Macy’s shares dropped over 14% on Monday morning after the retailer announced it was ending its collaboration with two investment funds attempting to take it over.
The company stated it was halting its partnership with Arkhouse Management and Brigade Capital Management, which had proposed a $5.8 billion buyout in December.
“Our team continues to be singularly focused on creating value for our shareholders,” said Macy’s CEO Tony Spring. “While it remains early days, we are pleased that our initiatives have gained traction, reinforcing our belief that the company can return to sustainable, profitable growth, accelerate free cash flow generation, and unlock shareholder value.”
Macy’s began collaborating with the funds in April after they increased their offer to $6.6 billion, even granting them two seats on its board. However, the rest of the board concluded that the financing behind the offer was not secure and that Arkhouse-Brigade lacked a solid plan for the company’s future.
Macy’s has been working on turning things around after struggling for years in the shifting retail landscape, unveiling a reorganization strategy called “A Bold New Chapter” months after the Arkhouse-Brigade takeover attempt. The strategy focuses on simplifying operations by closing stores and targeting higher-end customers.

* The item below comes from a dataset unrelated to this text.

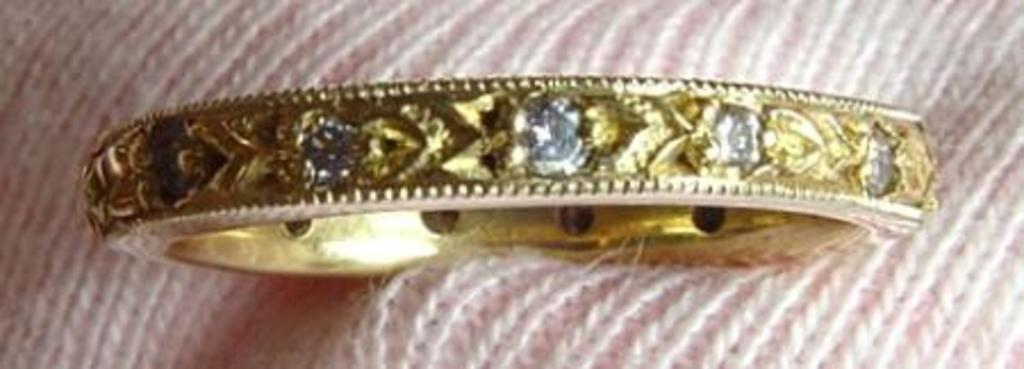What type of material is the cloth in the image made of? The cloth in the image is made of wool. What color is the woolen cloth? The cloth is pink in color. What accessory is placed on the cloth? There is a golden bangle on the cloth. How much payment is required for the cabbage in the image? There is no cabbage present in the image, so it is not possible to determine the payment required. 
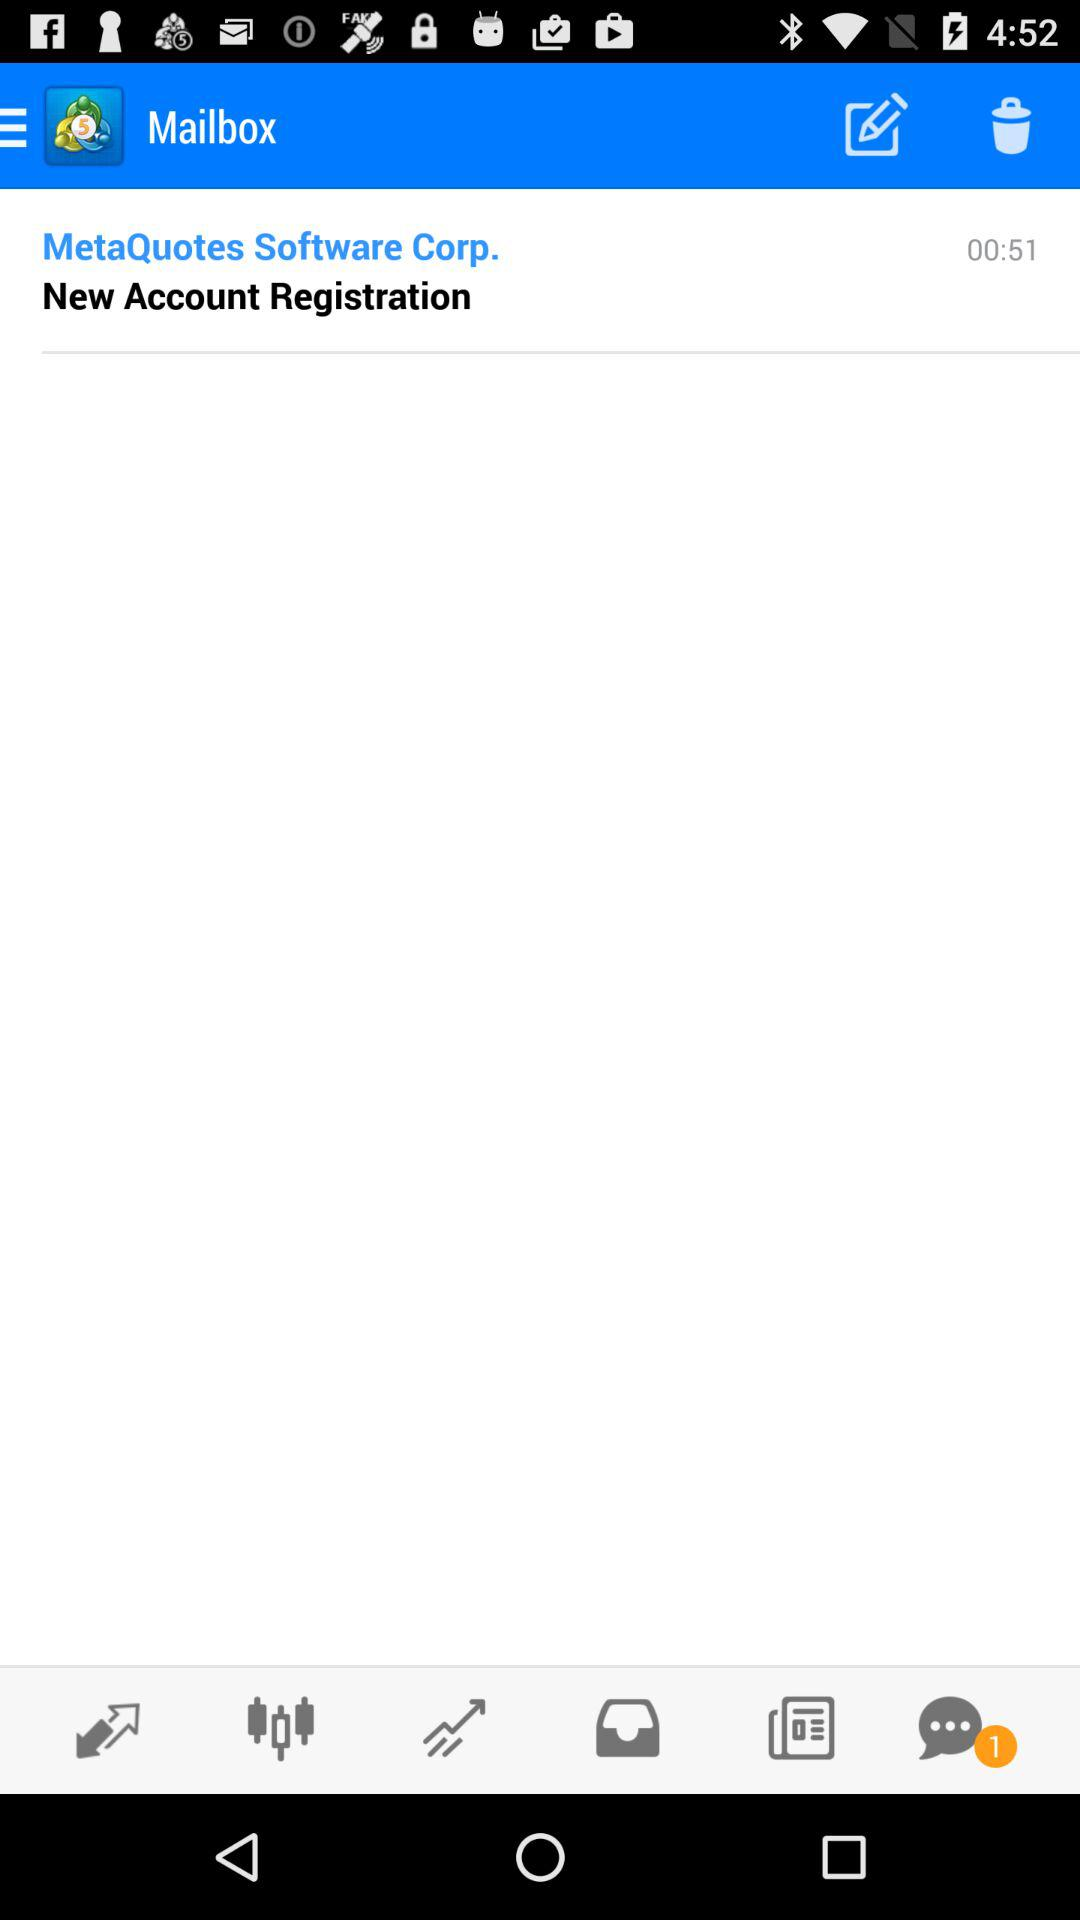What time did the email arrive from "MetaQuotes Software Corp."? The email arrived at 00:51.

“The Board unanimously determined that the latest Arkhouse and Brigade proposal remains non-actionable and fails to provide compelling value to Macy’s, Inc. shareholders,” the company said in its announcement. “The Board believes continuing diligence is not warranted or in the best interests of shareholders given: 1) the significant uncertainty that Arkhouse and Brigade’s financing could or would ultimately be completed given the substantial conditionality in their financing papers; 2) the less than compelling value proposed; and 3) the significant distraction for the management team at a critical point in the execution of the company’s strategy.”